For more information and examples check out more of Jenny Bryan’s slides or watch the video starting at about the 10 min mark.

Note for EML related MREs: - Generating a reprex for these situations (ie. tokens) might be complicated but you can should still follow the MRE principles even if the reprex won’t render fully - You can include a minimal EML to avoid some get_package issues:

me <- list(individualName = list(givenName = "Jeanette", surName = "Clark"))

attributes <- data.frame(attributeName = 'length_1',
                         attributeDefinition = 'def1',
                         measurementScale = 'ratio',
                         domain = 'numericDomain',
                         unit = 'meter',
                         numberType = 'real')

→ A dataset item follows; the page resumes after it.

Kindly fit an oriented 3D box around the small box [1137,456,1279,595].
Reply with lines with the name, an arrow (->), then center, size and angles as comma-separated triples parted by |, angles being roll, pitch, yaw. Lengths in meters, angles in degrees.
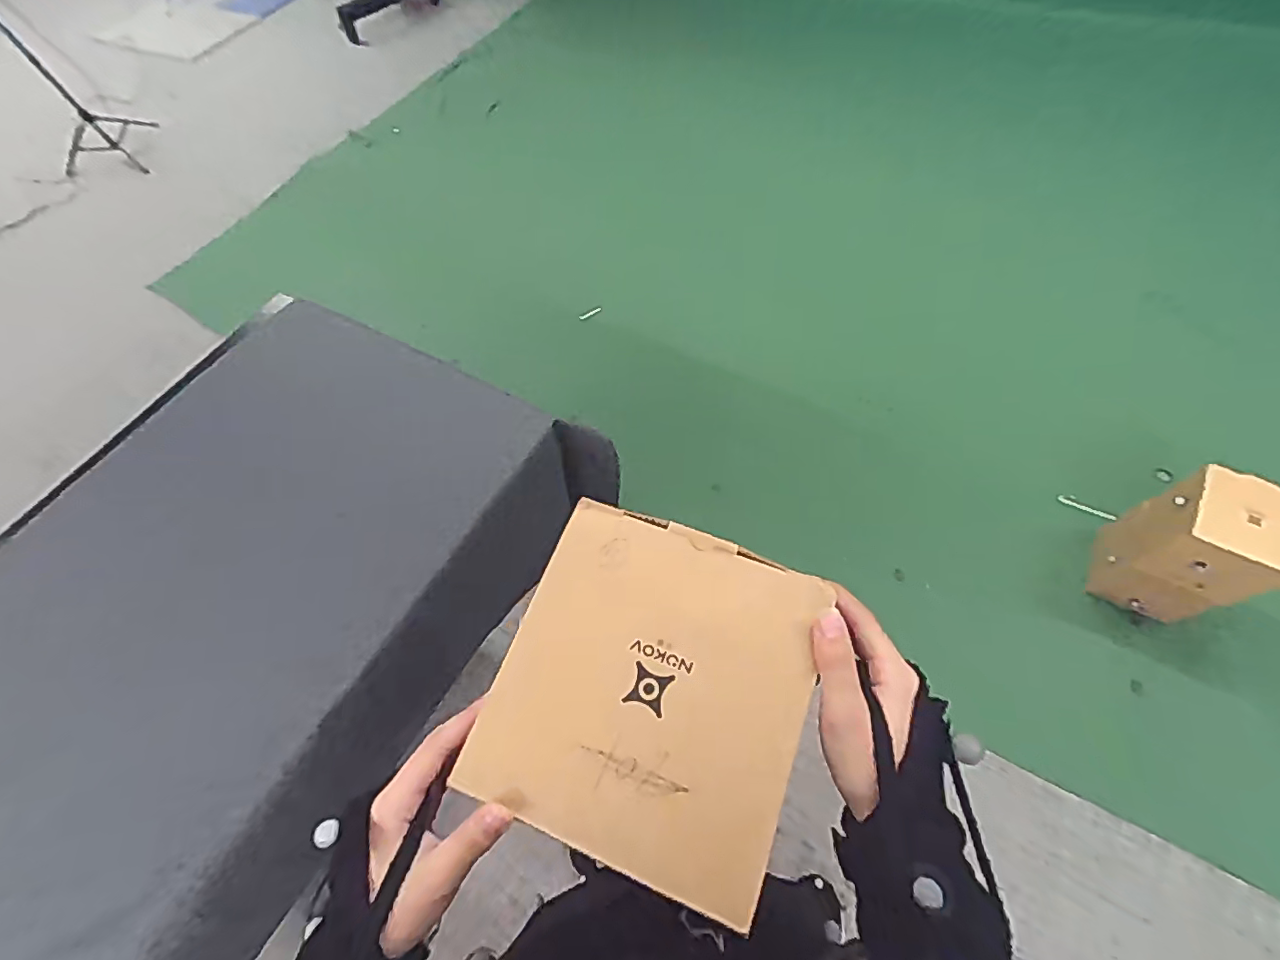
small box -> 1.103, 0.093, 1.027 | 0.168, 0.176, 0.179 | 27, 68, 21

att_list <- set_attributes(attributes)


doc_ex <- list(packageId = "id", system = "system", 
            dataset = list(title = "A Minimal Valid EML Dataset",
                           creator = me,
                           contact = me,
                           dataTable = list(entityName = "data table", attributeList = att_list))
)

1.8 A note on Exercises

The rest of the training has a series of exercises. These are meant to take you through the process as someone submitting a dataset from scratch. This is slightly different than the usual workflow but important in understanding the underlying system behind the Arctic Data Center.

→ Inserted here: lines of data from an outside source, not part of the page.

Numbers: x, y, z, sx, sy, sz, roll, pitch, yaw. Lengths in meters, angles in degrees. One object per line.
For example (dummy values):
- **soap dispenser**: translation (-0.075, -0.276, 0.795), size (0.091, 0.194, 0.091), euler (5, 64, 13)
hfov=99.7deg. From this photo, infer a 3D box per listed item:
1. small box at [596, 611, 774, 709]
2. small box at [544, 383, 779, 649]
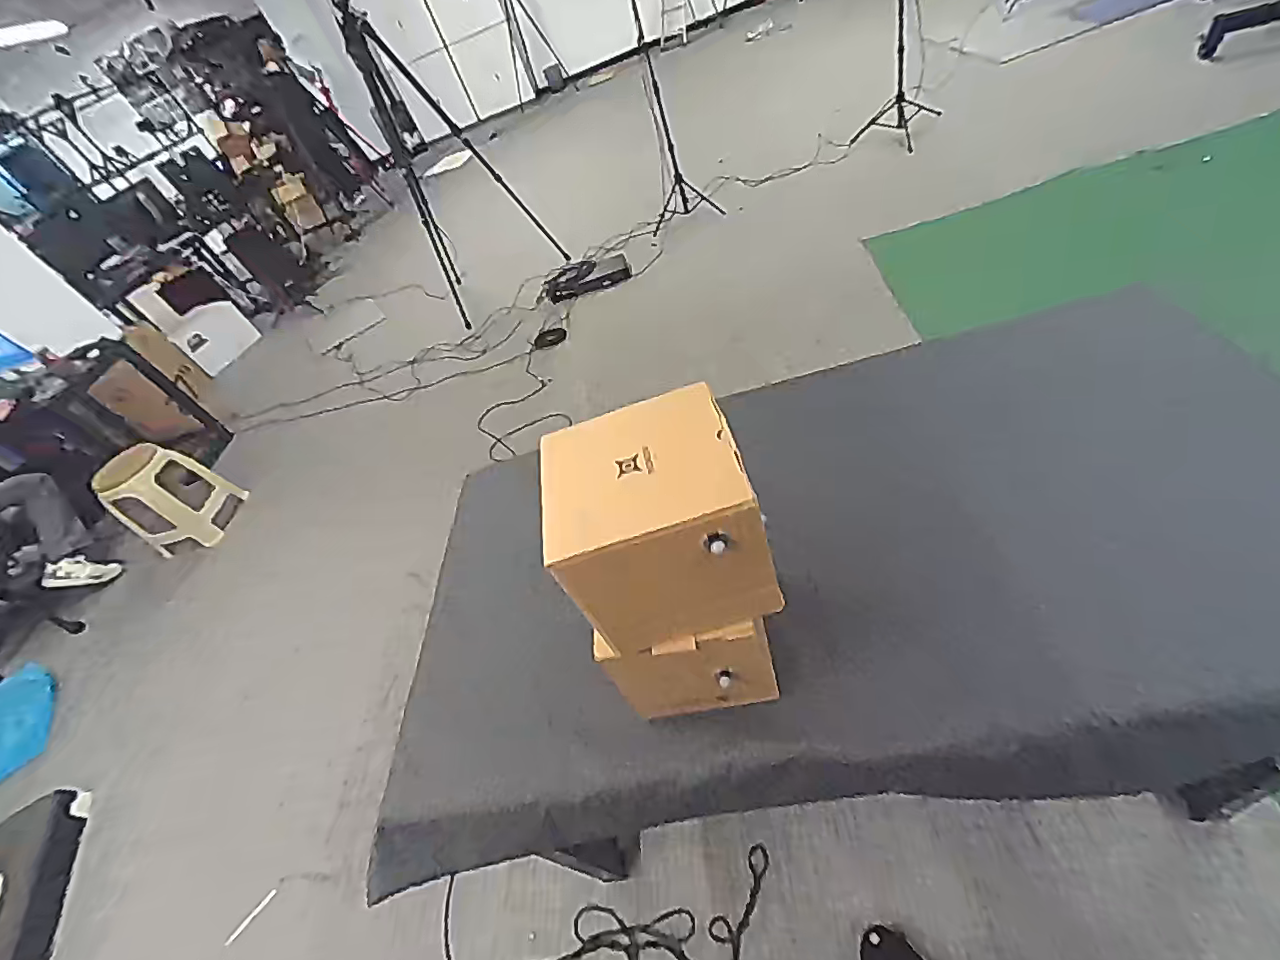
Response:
- **small box**: translation (0.055, 0.154, 0.640), size (0.168, 0.176, 0.179), euler (-13, 43, 11)
- **small box**: translation (0.020, 0.040, 0.528), size (0.179, 0.176, 0.168), euler (-18, 43, 6)

Please note that you will be completing everything on the site for the training. In the future if you are unsure about doing anything with a dataset. The test site is a good place to try things out!

1.9 Exercise 1

This part of the exercise walks you through submitting data through the web form on “test.arcticdata.io”. In addition to learning to use the webform, this exercise will also help you practice sleuthing for information in order to provide complete metadata. Most datasets do not come with all contextual information, so you will need to skim cited literature and search google for definitions of discipline-specific jargon. Don’t be afraid to use the internet as a resource!

1.9.1 Part 1

  • Download the csv of Table 1 from this paper.
  • Reformat the table to meet the guidelines outlined in the journal article on effective data management (this might be easier to do in an interactive environment like Excel).
    • Hint: This table is in wide format and can be made longer.
  • Note: we usually don’t edit the content in data submissions so don’t stress over this part too much

1.9.2 Part 2

  • Go to “test.arcticdata.io” and submit your reformatted file with appropriate metadata that you derive from the text of the paper:
    • List yourself as the first ‘Creator’ so your test submission can easily be found.
    • For the purposes of this training exercise, not every single author needs to be listed with full contact details, listing the first two authors is fine.
    • Directly copying and pasting sections from the paper (abstract, methods, etc.) is also fine.
    • Attributes (column names) should be defined, including correct units and missing value codes.
      • Click “describe” to the right of the file name in order to add file-specific information. The title and description can be edited in the “Overview” tab, while attributes are defined in the “Attributes” tab.
    • Submit the dataset and post a message to the #datateam channel with a link to your package.